* * *
Мудрый дядь-Юра, понимая невменяемое состояние Артема, позвонил компьютерщикам и предупредил, что заказчик выезжает.
Поэтому Артема встретили, как адмирала в кают-компании. Очевидно, с утра эта молодежь все-таки соображала лучше, чем к концу рабочего дня. А может, уголовщина привела их в чувство. А может, у этих раздолбаев объявились угрызения совести!
Ребята наконец отождествили старого дурака, который, стоя одной ногой в могиле, второй норовит доиграть последнюю партию в "Тетрис", с недавней кинозвездой, она же – звезда манежа. Тем более, что прибыл и Арго – а уж его рожа стала и вовсе знаменита, потому что кадры с выразительным собачьим взглядом попали в рекламный клип.
Вообще-то был момент, когда Артем собирался развернуть машину и возвращаться в цирк. Это случилось, когда он въехал во двор и увидел компанию бомжей.
Бомжи были те же самые, которые там околачивались, когда Прохановский выпустил Артема из подвала. Дед с седой окладистой бородой, шириной во всю грудь, в камуфляжных штанах, высокий сутулый парень с какой-то кривой рожей и еще один – однорукий. Тот вообще был колоритен – тоже бородатый, с вороными патлами чуть ли не по пояс, и красив, как Иоанн Предтеча на старого письма иконе, с таким же произительным взглядом из-под черных сходящихся бровей.
Этой публики Артем не любил. Во-первых, цирк приучил его к чистоплотности, к ежевечернему душу и дорогой одежде, которую грешно занашивать до черных полос на шее и рукавах. Во-вторых, однажды он, оказавшись за столом рядом с конюхом Ирмой, которую, редкий случай, слвершенно официально выперли из цирка за алкоголизм, подцепил вшей. Эта тварь вызвала в нем такое отвращение, какого он сам от себя не ожидал. И всякую возможность снова разжиться этой радостью обходил за три версты.
Третье – Артем просто не любил бездельников.
Это уже доходило до суеверия – бомж, да еще встреченный с утра, не предвещал ничего хорошего, во всяком случае, удачной репетиции – уж точно! У приятеля Артема, наездника Гаврилова, была причуда еще почище – он шарахался от старух. Причем от всяких – толстых, тощих, маленьких и напоминающих вставшую на дыбы цистерну. Если бы Гаврилов обнаружил старуху поблизости от конских стойл или боксов, могло произойти смертоубийство.
Бомжей сразу же с утра, пока вызволяли из подвала Артема, допросили – не было ли слышно шума, шагов, выстрелов, взрывов! Не находилось ли следов преступника – брошенного пистолета, к примеру. Нет, бомжи вечером разжились спиртным и так надрались, что утром их еле растолкали. А жили они в подвале того же дома, только в другом крыле. Как бы по диагонали и напротив.

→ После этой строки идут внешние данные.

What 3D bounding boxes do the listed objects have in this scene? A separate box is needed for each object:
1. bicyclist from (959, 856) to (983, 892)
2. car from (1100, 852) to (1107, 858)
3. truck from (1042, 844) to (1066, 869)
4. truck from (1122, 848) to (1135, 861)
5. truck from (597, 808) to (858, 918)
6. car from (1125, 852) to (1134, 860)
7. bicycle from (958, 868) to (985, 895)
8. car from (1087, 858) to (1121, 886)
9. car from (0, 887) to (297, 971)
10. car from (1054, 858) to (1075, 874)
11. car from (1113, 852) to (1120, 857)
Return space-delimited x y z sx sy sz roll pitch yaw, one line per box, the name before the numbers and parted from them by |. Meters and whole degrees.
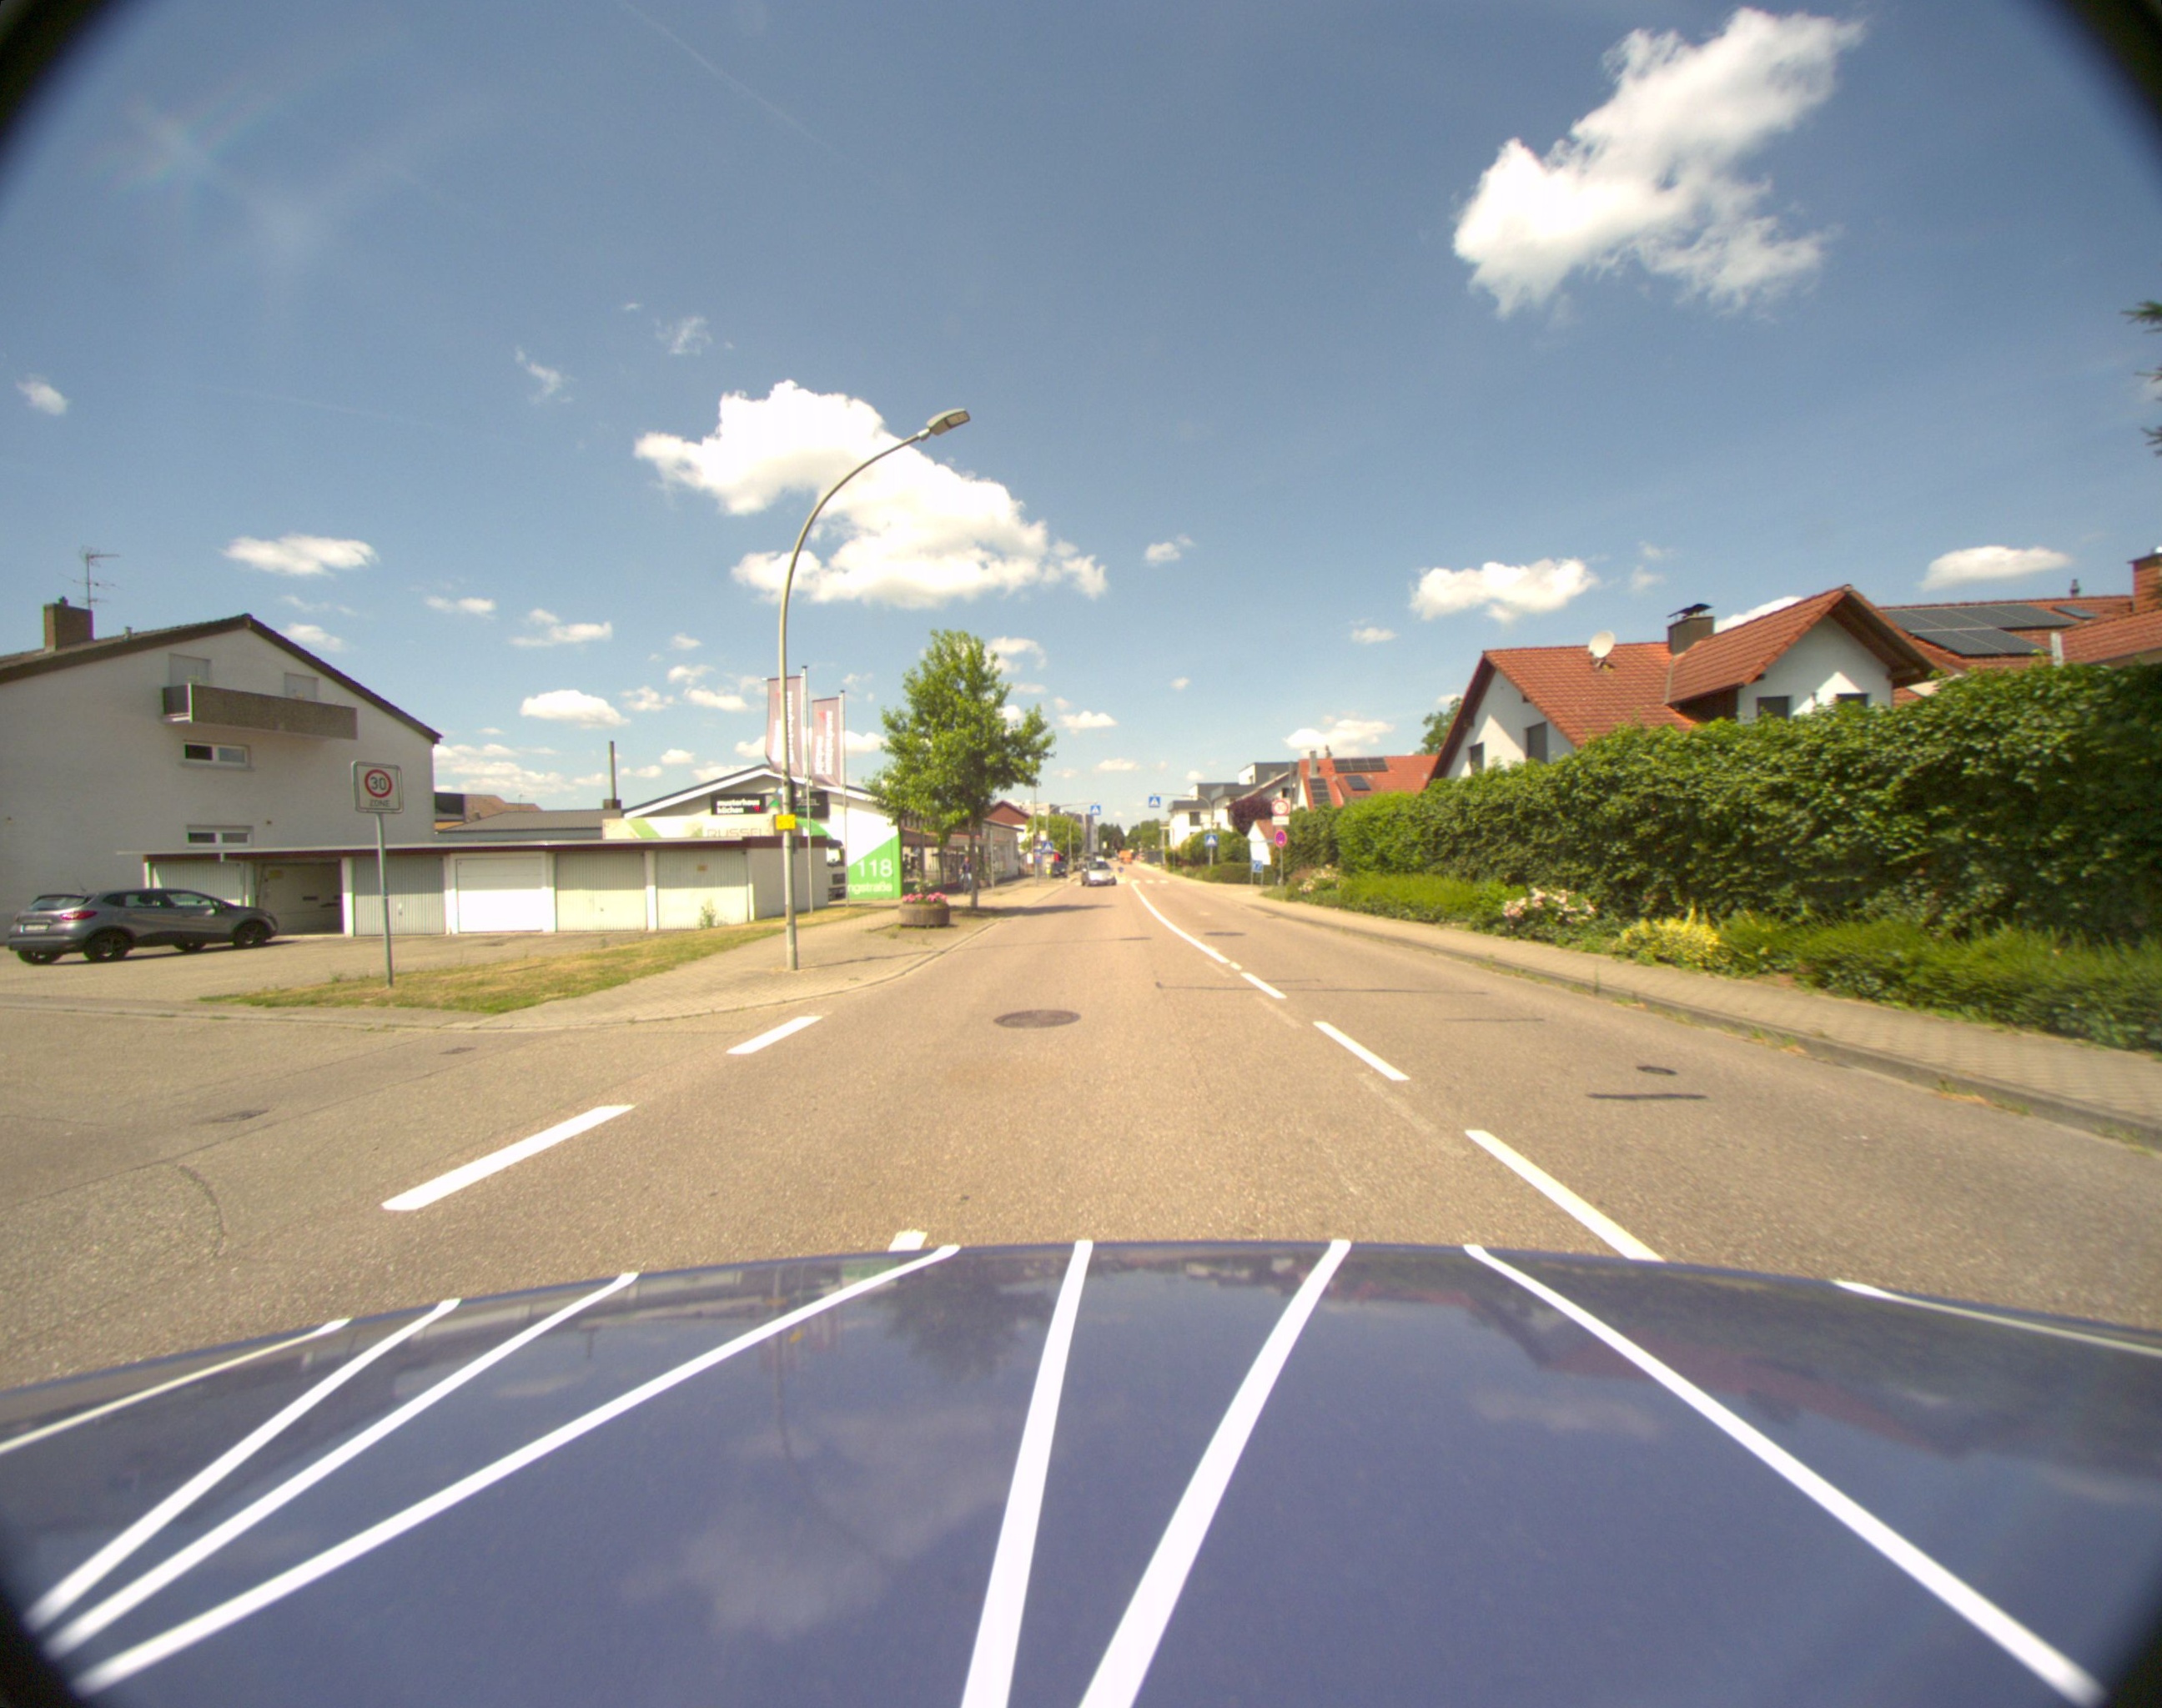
bicyclist | -5.143 0.929 35.473 0.805 1.620 1.112 -4 -1 2
car | 5.399 0.205 182.501 1.729 1.484 3.761 0 0 3
truck | -3.101 0.319 86.958 2.580 2.745 6.332 0 0 -3
truck | 10.717 0.093 172.678 2.864 2.695 6.792 0 1 2
truck | -12.752 0.313 27.873 8.190 3.552 2.677 -2 1 2
car | 9.724 0.384 152.382 1.799 1.480 3.614 0 0 2
bicycle | -5.118 1.288 35.562 0.805 1.158 1.944 -4 -1 2
car | 1.403 1.069 47.671 1.723 1.590 3.758 -4 0 -4
car | -21.270 1.637 17.623 1.679 1.494 4.132 -2 0 4
car | -1.539 1.114 71.882 1.729 1.484 3.760 0 0 2
car | 9.785 0.106 209.350 1.728 1.484 3.762 0 0 8

Артем увидел эту компанию, вспомнил все события ночи, да еще стояли бомжи у тех самых дверей, к которым пытался подползти Кузьменко, и ему очень заходелось смотаться куда-нибудь подальше, туда, где можно будет забыть всю эту историю.
– Заходите, Артем Андреевич! – закричал Прохановский, даже еще не видя Артема, а отвечая на стук в неподдающуюся дверь. – Мы вас заждались!
За столом в закутке президента собрались не только расхристанные труженики "Креатива" – там были двое мужчин, которые резко отличались от компьютерной тусовки, хотя и поддерживали общий технарский разговор, как Артему показалось, вполне на уровне.
Уж эти не стали бы расстреливать крысу цыганской иглой из лыжной палки.
Артем, оглохший от бурных извинений, препровожденный к столу, осчастливленный мясным пирогом прямо из микроволновки и одноразовым стаканом с "Монастырской избой", поглядывал на парочку, ожидая возможности заговорить. Он разбирался в качественной одежде – в отличие от компьютерщиков, два высоких темноволосых мужика, лет от тридцати до сорока каждый, были одеты вполне качественно. Более того – держались с достоинством людей, которые даже не представляют как это – носить скверную одежду.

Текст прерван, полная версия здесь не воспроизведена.